В идеологической концепции поэмы жестоким традициям адата, старому разбойнику противопоставлены, во-первых, сын Гасуба Тазит, фактически носитель христианских добродетелей, и купец-армянин, представитель древнего христианского народа, для которого милосердие – одна из главных христианских ценностей. Кстати, в черновике у него был купец-грузин, а в последнем варианте – купец-армянин. Теоретически Пушкин мог вложить в уста своего отрицательного героя слово «славянин», «грузин» (христианские народы), но его выбор пал на армян. И я глубоко убежден, что это диктовалось не только ритмикой стиха.
В армянском интернете бытует непонятно откуда взявшееся утверждение, что, мол, у Пушкина в оригинале было написано «христианин», а друзья Пушкина при подготовке рукописи поменяли его на «армянин». Ни в одной из доступных мне научных публикаций на тему поэмы ничего подобного я не нашел.
Повествование в поэме, как и в подавляющем большинстве произведений мировой литературы, построено на контрасте добра и зла, положительных и отрицательных героев. И все читатели, нормальные, грамотные, культурные, понимают, что отрицательный герой имеет право высказать свои отрицательные мысли. Автор и читатель ему это разрешают.

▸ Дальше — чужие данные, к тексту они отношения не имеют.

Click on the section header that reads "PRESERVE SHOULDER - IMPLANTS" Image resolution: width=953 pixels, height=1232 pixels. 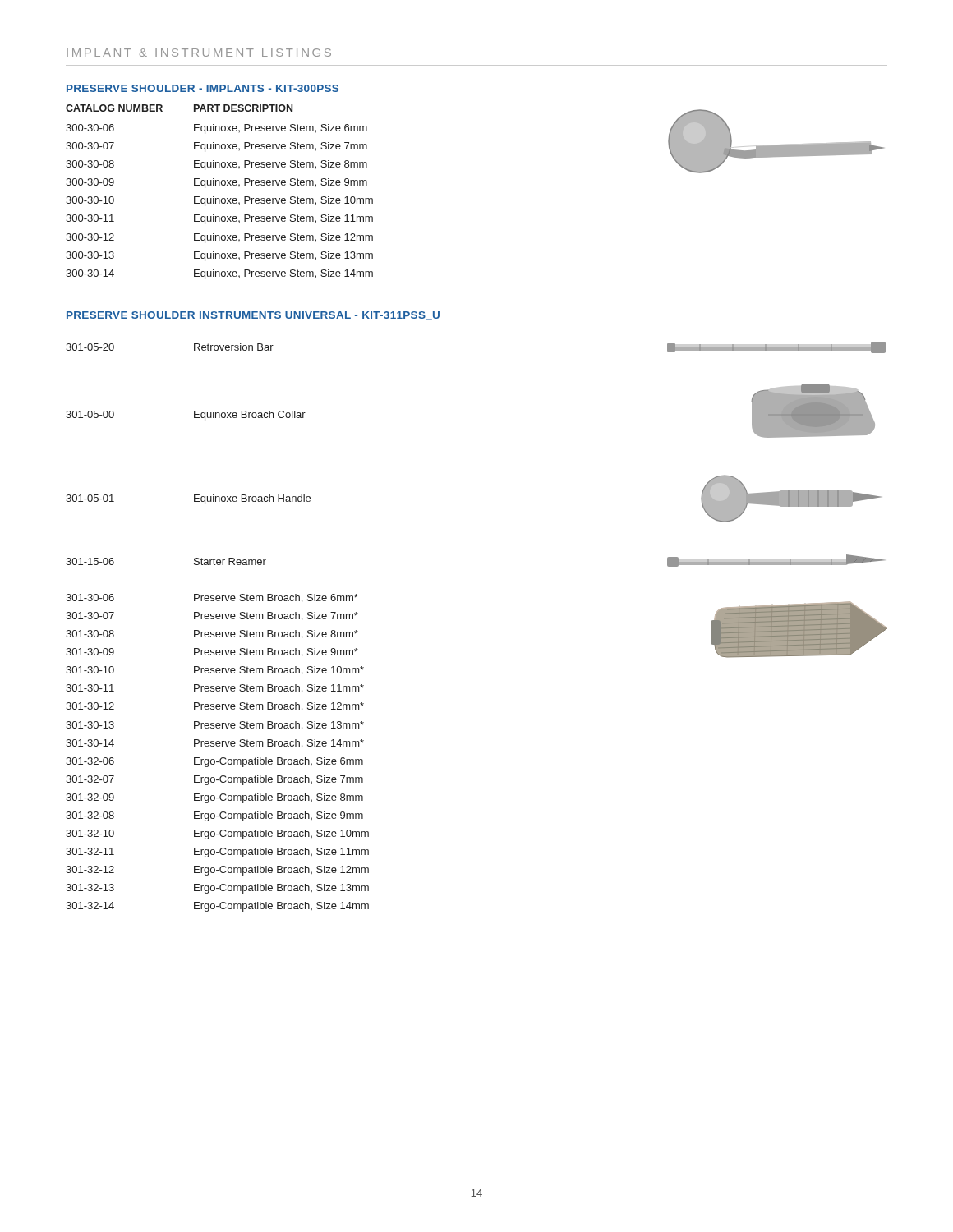[x=203, y=88]
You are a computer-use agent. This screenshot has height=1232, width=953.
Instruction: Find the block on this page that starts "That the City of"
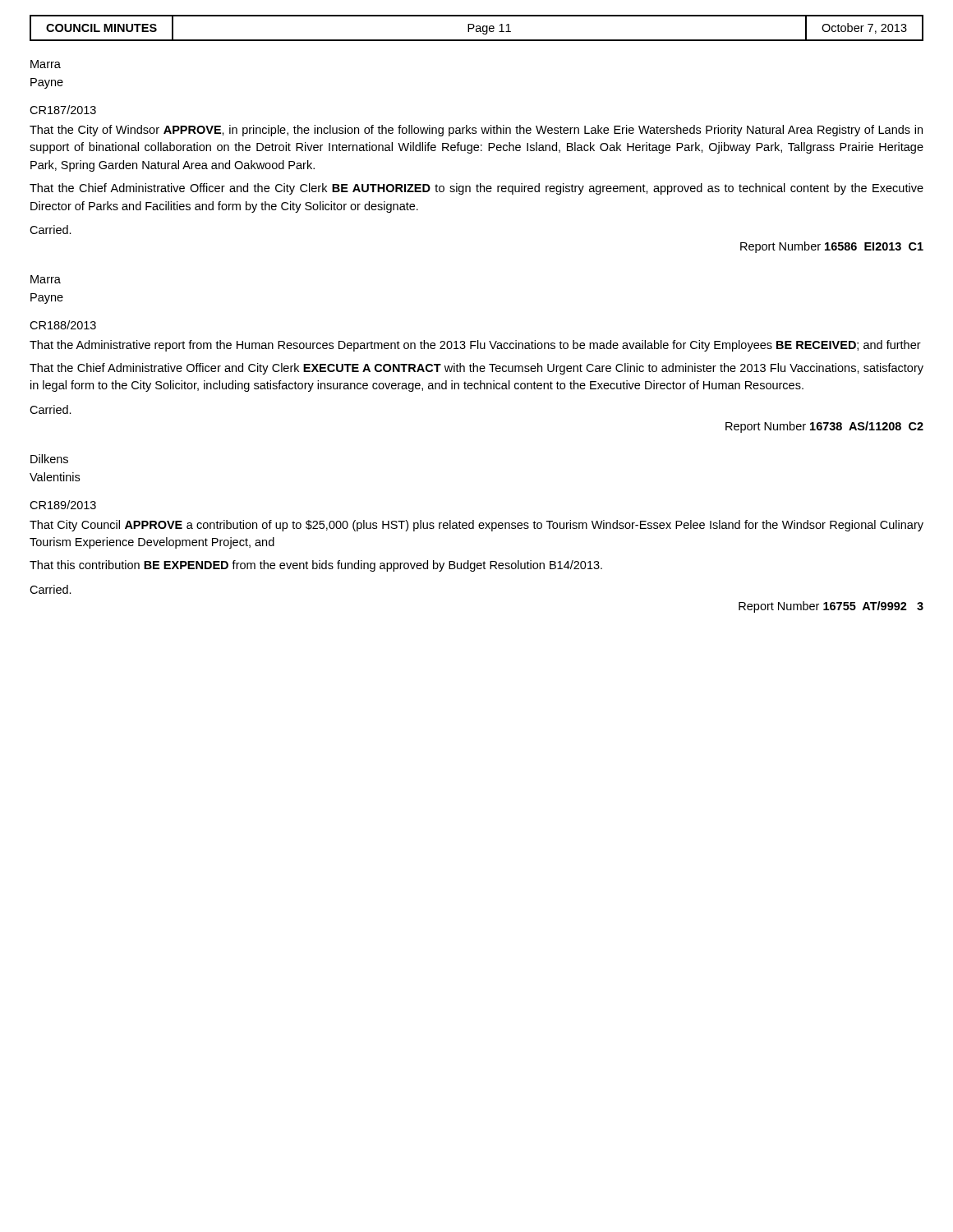tap(476, 147)
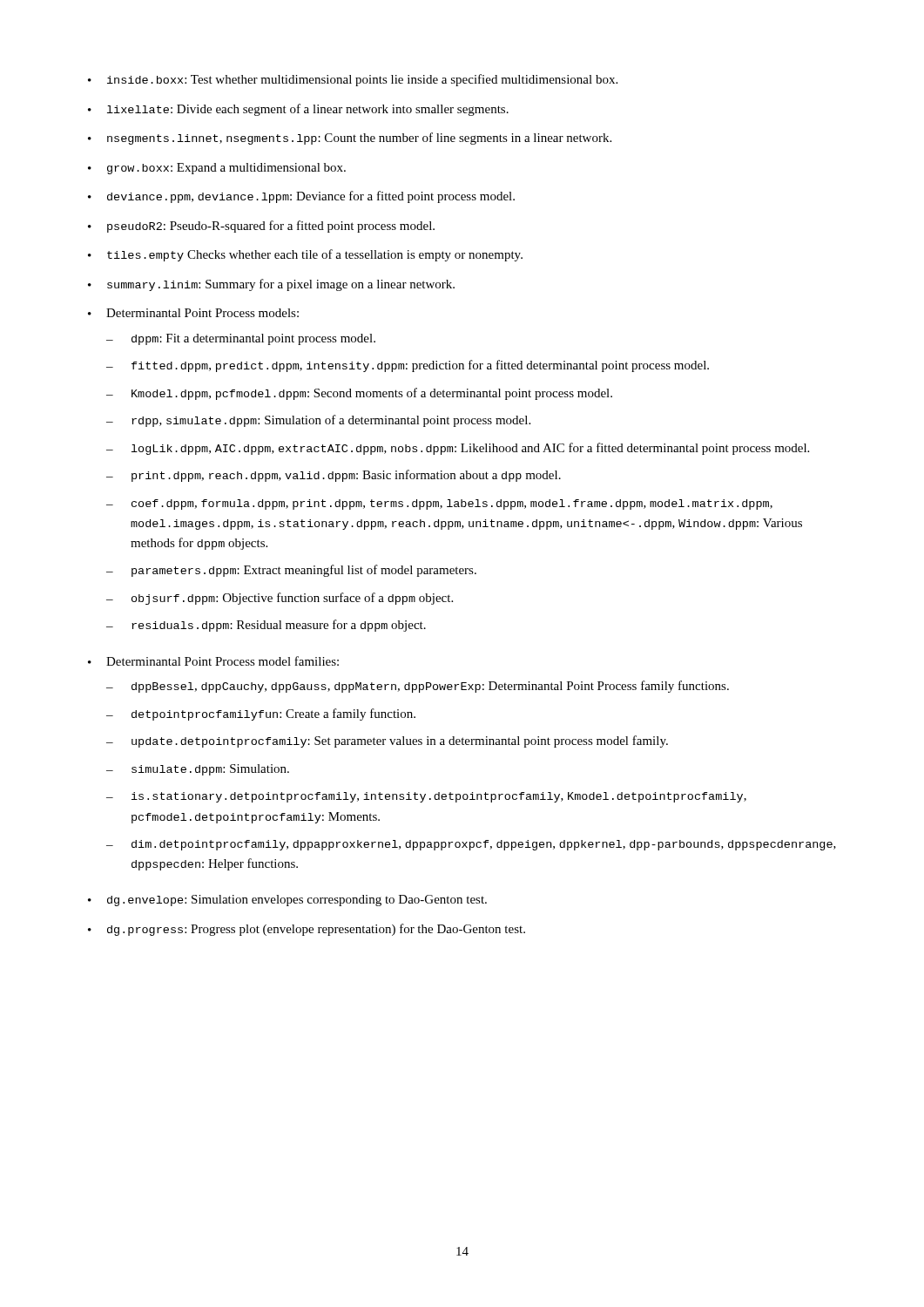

А что мы сейчас имеем? Интернет буквально забит высказываниями задыхающихся от ненависти и омерзительной радости существ, которым по их скудоумию и непорядочности кажется, что Пушкин – из их нечистоплотной братии и им подсунул лакомый кусочек. Незнание не грех, но упорствовать в незнании – это невежество, а невежество и непорядочность – братья.
И конечно, дело вовсе не в том, что подавляющее большинство изрыгающих ненависть к армянам существ вовсе не читали поэму «Тазит». Я убежден, что и многие прочитавшие ее на берегу Каспия, правильно понимая поэму, все равно будут с радостью «злоупотреблять» вырванной из прекрасного контекста фразой.
Таков удел людей в стране бескультурья.
А бескультурье – один из признаков нацизма, фашизма. Фашизм и культура несовместимы.
Мы знаем, как культура была изгнана из нацистской Германии, вместо нее осталась кровоточащая рана. То же самое можно сказать о султанате Алиевых. Культура покинула страну в Восточном Закавказье вместе с армянами, русскими, евреями и другими народами.
Сегодня в интернете нет службы ассенизации, никто систематически и регулярно не очищает его от грязи, безнравственности, ненависти, расизма, нацизма и т.д. Посему врать, сквернословить там никому не возбраняется.
А теперь от темы глупости, незнания, невежества, ненависти вернемся опять к Пушкину.
Большинство моих соотечественников обстоятельно обсуждали и обсуждают в интернете, на страницах печатных СМИ поэму «Тазит», прежде всего желая дать отпор грязной антиармянской пропаганде. А на самом деле «Тазит» ставит более глубокий и важный вопрос, так и не решенный Россией за время, прошедшее после Пушкина.
Он формулируется так: проблема интеграции горцев в российское общество все еще не решена. Глядя на обострившиеся межнациональные отношения в России, понимаешь, что после нескольких десятилетий усмиряющей «дружбы народов» надо начинать работу с самого начала.
И как сейчас нет конкретного выхода из межнациональной распри, так и тогда его не было. Ни тогдашние христианские миссионеры, ни нынешняя попытка «гармонизации межнациональных отношений» мира Кавказу не принесли.
Пушкин, по-видимому, очень быстро понял нежизнеспособность своих радужных представлений о Кавказе и поэтому не дописал поэму.